Tali polemiche non sono certo nuove nel mondo dei media e della comunicazione in generale.

Agli inizi degli anni 2000 al cinema c’è stata l’esplosione dei cosiddetti slusher movies, una categoria di film horror dove la violenza e la tortura la fanno da padroni (sulla scia del successo della saga di Saw-L’enigmista). A livello di pubblico tali film hnno sempre avuto un discreto successo, mnetre a livello di critica sono sempre stati bistrattati proprio per la loro violenza, elaborata ma considerata degna dei film di serie (Z) B.

Tutto il contrario per quanto riguarda la fiction e le serie televisive dove, negli stessi anni, la “banalità del male”, condita da sesso e violenza sfrenata, viene mostrata nelle serie HBO prima (The Sopranos, Oz, Game Of Thrones…) e, in Italia, Sky poi (Romanzo criminale e Gomorra-la Serie) raggiungendo buoni risualtati sia di pubblico ma soprattutto di critica. In questo caso infatti venne esaltata proprio la capacità di tali show di riuscire a rappresentare realisticamente situazioni e personaggi “estremi” senza mai edulcorare nulla.

Quindi violenza sì o violenza no? Diciamo che ci sono almeno tre cosiderazioni da fare al riguardo.

Nel suo saggio Voglio vedere il sangue il docente di storia e critica del cinema Leonardo Gandini esplora e indaga le forme di violenza audiovisiva e prova a tracciarne un profilo che riguarda sia il lato “estetico” (come questi vengano rappresentati) sia il lato morale (cosa suscitano questi film);

Il libro è suddiviso in 3 macro-capitoli: SGUARDO, FORMA e MORALE.

Nel primo capitolo si parla dell’attrattività che esercita la violenza sullo spettatore. È, infatti, innegabile che la violenza abbia una “forza attrattiva” particolare che si manifesta soprattutto nello sguardo. Un’attrattività che è accertata storicamente (dagli spettacoli di gladiatori fino ai concerti classici durante le dimostrazioni di anatomia nel 700) e che sembra essere connaturata nell’essere umano.

“Anche nella vita di tutti i giorni, nulla colpisce l’attenzione quanto una scena violenta”

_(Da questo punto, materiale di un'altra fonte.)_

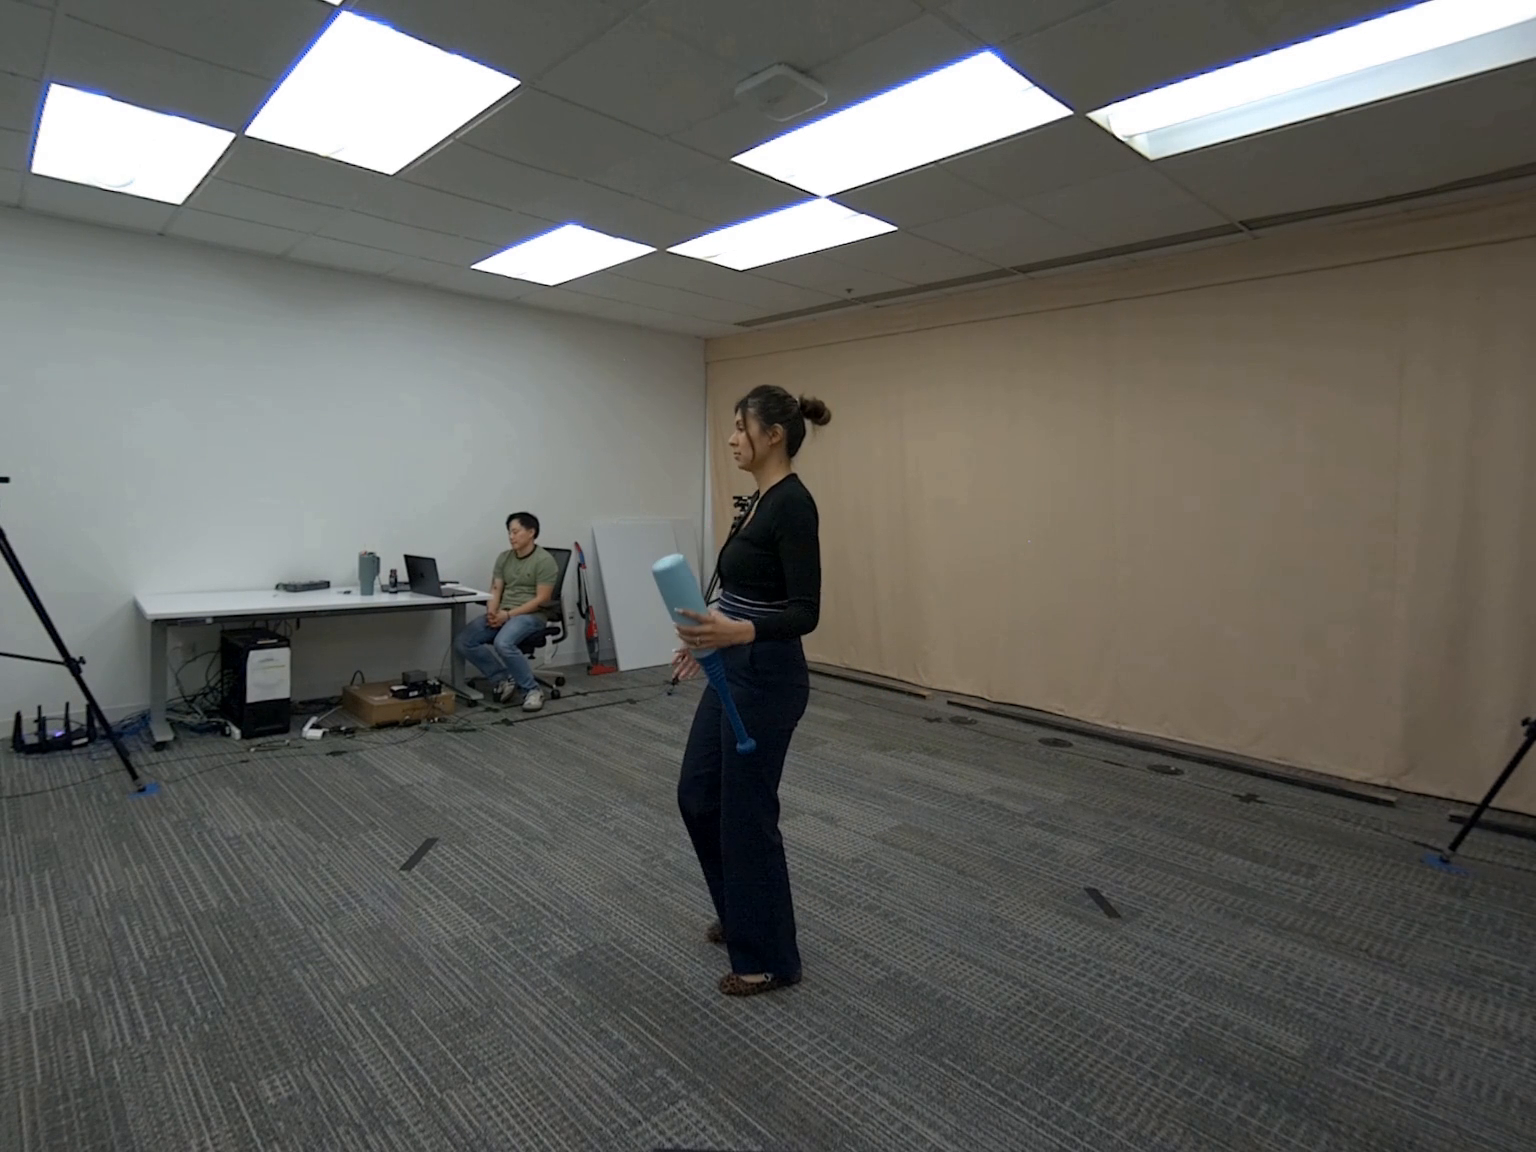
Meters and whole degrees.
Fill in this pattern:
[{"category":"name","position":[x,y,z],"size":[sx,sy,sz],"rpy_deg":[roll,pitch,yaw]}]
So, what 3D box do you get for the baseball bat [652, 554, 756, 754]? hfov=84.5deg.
[{"category":"baseball bat","position":[-0.157,0.188,2.029],"size":[0.089,0.534,0.090],"rpy_deg":[-18,18,5]}]
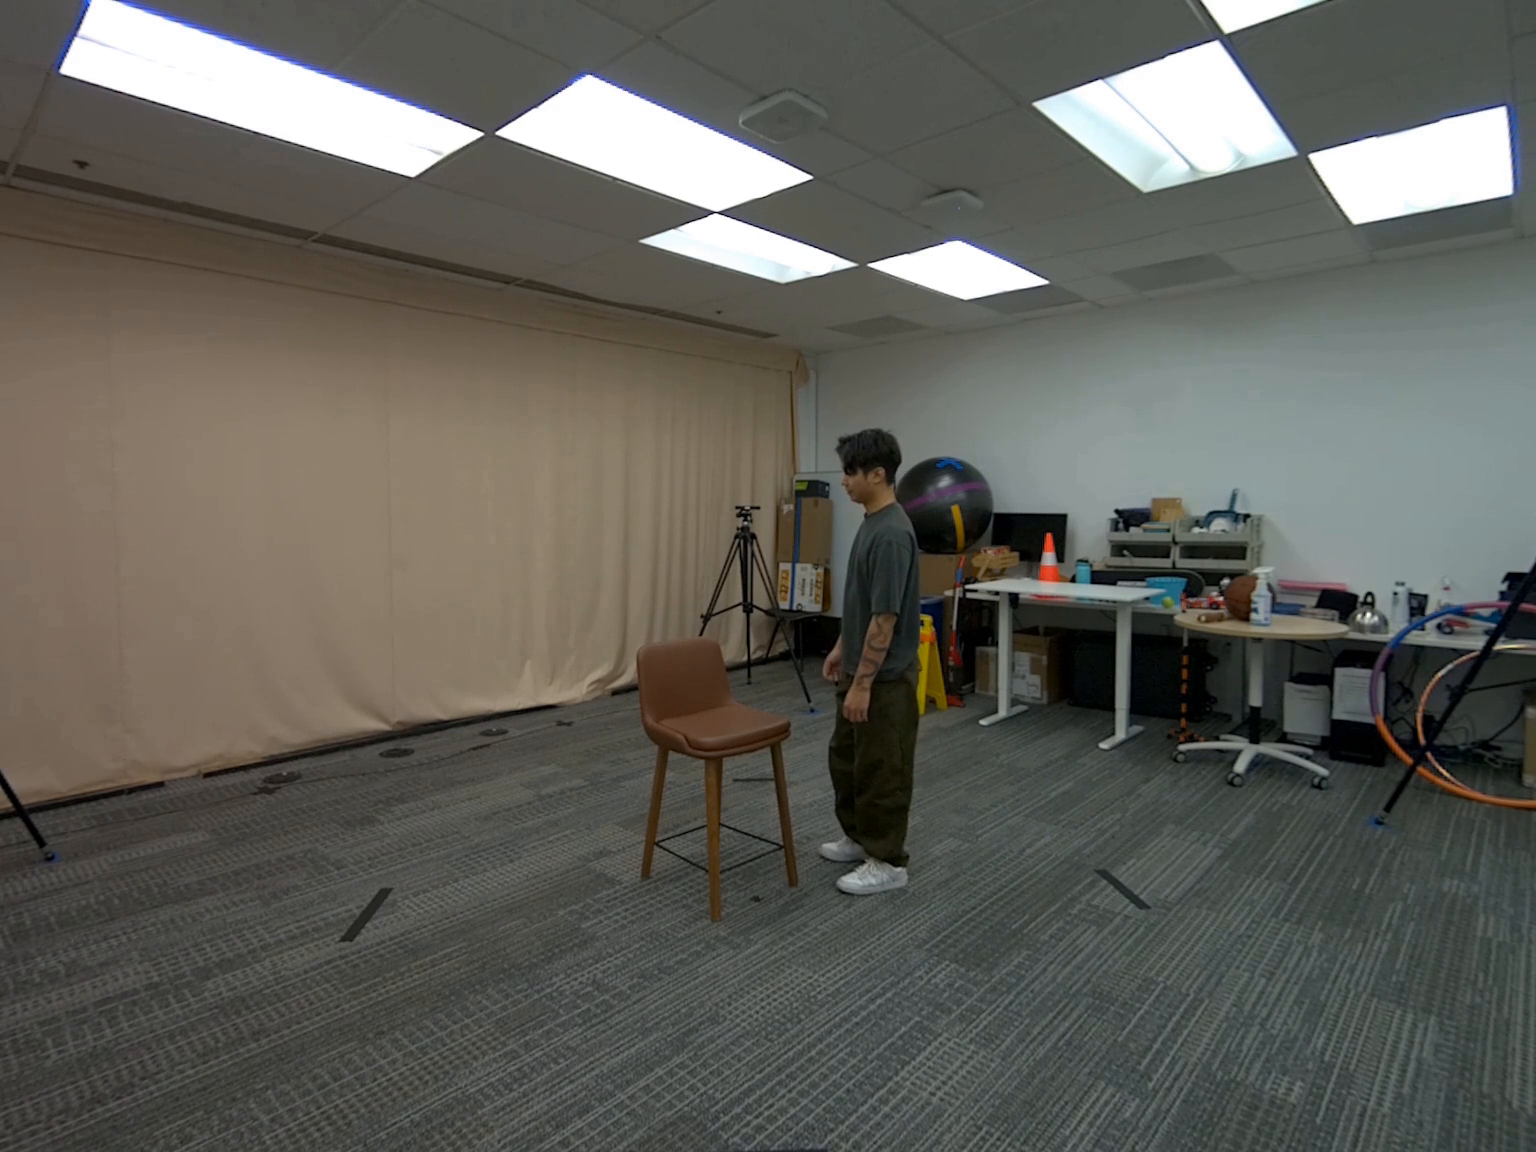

Ecco quindi spiegato anche il titolo del libro: è lo stesso spettatore che richiede, a un certo punto, la violenza nelle cose che vede. Sta poi nella capacità del regista/sceneggiatore la capacità di realizzarla (come tutte le parti di una storia) al meglio per indicarne la sua qualità. E qui, dunque si arriva alla seconda sezione del libro, quella relativa alla FORMA.

Non è tanto la moralità della violenza la cosa più importante negli audiovisivi ma la sua rappresentatività. E qui la storia della violenza nel cinema intercorre con la storia della CENSURA al cinema. Con soprese particolari: dai gangster-movie e i film di serie b degli anni 20-30 che, in barba a qualsiasi codice Hays, sfidavano apertamente la censura. Poi si passa a una violenza più edulcorata con soluzioni tecniche innovative per “mostrare senza mostrare” le scene di violenza. E, in effetti, molte delle scene cult del cinema di quegli anni nascono proprio da queste soluzioni alternative (rivelando un’inventiva non da poco da parte di registi e sceneggiatori). In questo senso si può parlare di una censura positiva.

Si passa poi alla violenza “mostrata” e “iper-esaltata” (soprattutto nel cinema degli anni 70) in quanto aspetto essenziale della spettacolarità cinematografica, ma anche per motivi di protesta e “rottura contro il sistema”.

In tale contesto spesso è difficile dividere l’artisticità della violenza nel cinema con al sua esaltazione (rischiando anche di dichiarare come “capolavori” film-ciofeche che però hanno il solo merito di mostrare sangue a fiumi).

“I cineasti che lavorano sulla violenza in termini stilisticamente sofisticati sono di solito accusati di fare apologia, attraverso film nei quali vengono messe a punto strategie della rappresentazione della violenza che però non vogliono essere realistiche. Nessuno accuserebbe mai Paolo Sorrentino di essere un andreottiano per aver usato soluzioni stilistiche raffinate per raccontare la storia di Andreotti ne Il divo

E qui, dunque, si apre la terza e ultima parte del libro, quella dedicata alla MORALE. Proprio per la sua capacità di rendere al meglio la violenza “illustrata” (il saggio parla del cinema, ovviamente, il discorso però si può tranquillamente spostare a tutti gli altri media) la censura è stata sempre molto attenta.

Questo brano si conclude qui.